*PROBLEM*.
Output the data word for word, dropping every image.

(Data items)

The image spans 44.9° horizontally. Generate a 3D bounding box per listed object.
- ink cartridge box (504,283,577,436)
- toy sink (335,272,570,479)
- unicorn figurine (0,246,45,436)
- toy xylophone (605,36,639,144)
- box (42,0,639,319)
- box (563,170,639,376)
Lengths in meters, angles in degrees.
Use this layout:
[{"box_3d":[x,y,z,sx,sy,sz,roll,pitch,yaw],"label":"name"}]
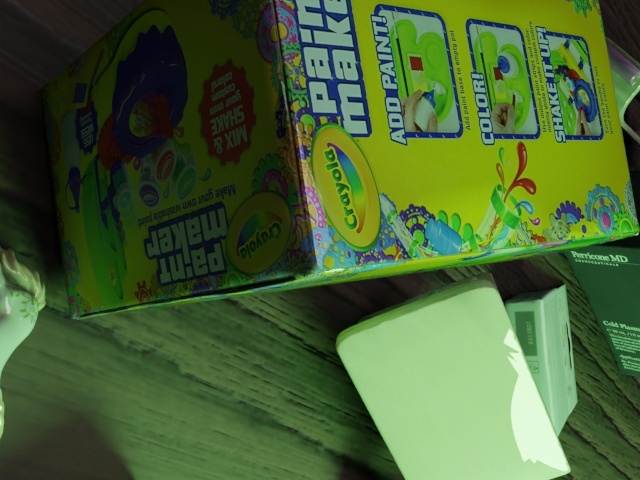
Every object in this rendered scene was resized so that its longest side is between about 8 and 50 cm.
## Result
[{"box_3d":[0.312,0.164,1.085,0.232,0.066,0.189,-5,90,-69],"label":"ink cartridge box"},{"box_3d":[0.125,0.127,0.762,0.131,0.152,0.234,-89,154,-63],"label":"toy sink"},{"box_3d":[-0.222,0.070,0.479,0.111,0.060,0.162,54,51,-29],"label":"unicorn figurine"},{"box_3d":[0.548,-0.192,1.272,0.322,0.081,0.236,18,33,-51],"label":"toy xylophone"},{"box_3d":[0.003,-0.056,0.532,0.279,0.290,0.177,-6,86,-40],"label":"box"},{"box_3d":[0.591,0.067,1.154,0.179,0.343,0.312,-50,123,-25],"label":"box"}]
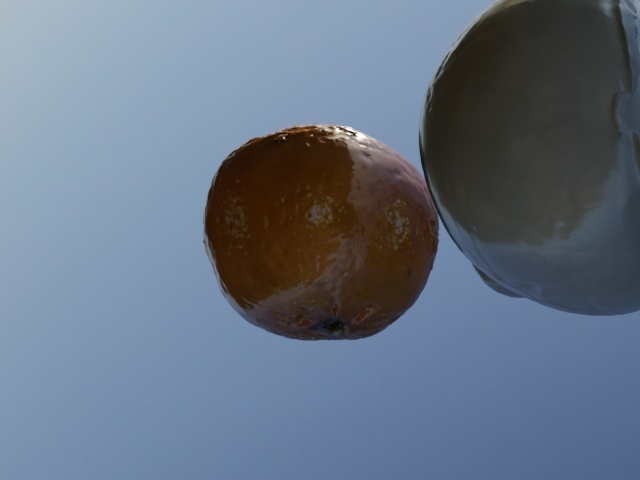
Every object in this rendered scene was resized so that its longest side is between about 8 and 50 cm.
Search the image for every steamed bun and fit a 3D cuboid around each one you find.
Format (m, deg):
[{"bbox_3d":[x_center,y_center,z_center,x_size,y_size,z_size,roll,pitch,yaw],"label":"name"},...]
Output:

*WRITTEN ANSWER*.
The image spans 44.9° horizontally. Generate a 3D bounding box per listed object.
- ink cartridge box (504,283,577,436)
- toy sink (335,272,570,479)
- unicorn figurine (0,246,45,436)
- toy xylophone (605,36,639,144)
- box (42,0,639,319)
- box (563,170,639,376)
Lengths in meters, angles in degrees.
Use this layout:
[{"box_3d":[x,y,z,sx,sy,sz,roll,pitch,yaw],"label":"name"}]
Every object in this rendered scene was resized so that its longest side is between about 8 and 50 cm.
## Result
[{"box_3d":[0.312,0.164,1.085,0.232,0.066,0.189,-5,90,-69],"label":"ink cartridge box"},{"box_3d":[0.125,0.127,0.762,0.131,0.152,0.234,-89,154,-63],"label":"toy sink"},{"box_3d":[-0.222,0.070,0.479,0.111,0.060,0.162,54,51,-29],"label":"unicorn figurine"},{"box_3d":[0.548,-0.192,1.272,0.322,0.081,0.236,18,33,-51],"label":"toy xylophone"},{"box_3d":[0.003,-0.056,0.532,0.279,0.290,0.177,-6,86,-40],"label":"box"},{"box_3d":[0.591,0.067,1.154,0.179,0.343,0.312,-50,123,-25],"label":"box"}]
Every object in this rendered scene was resized so that its longest side is between about 8 and 50 cm.
Search the image for every steamed bun and fit a 3D cuboid around each one you find.
Format (m, deg):
[{"bbox_3d":[x_center,y_center,z_center,x_size,y_size,z_size,roll,pitch,yaw],"label":"name"},...]
Output:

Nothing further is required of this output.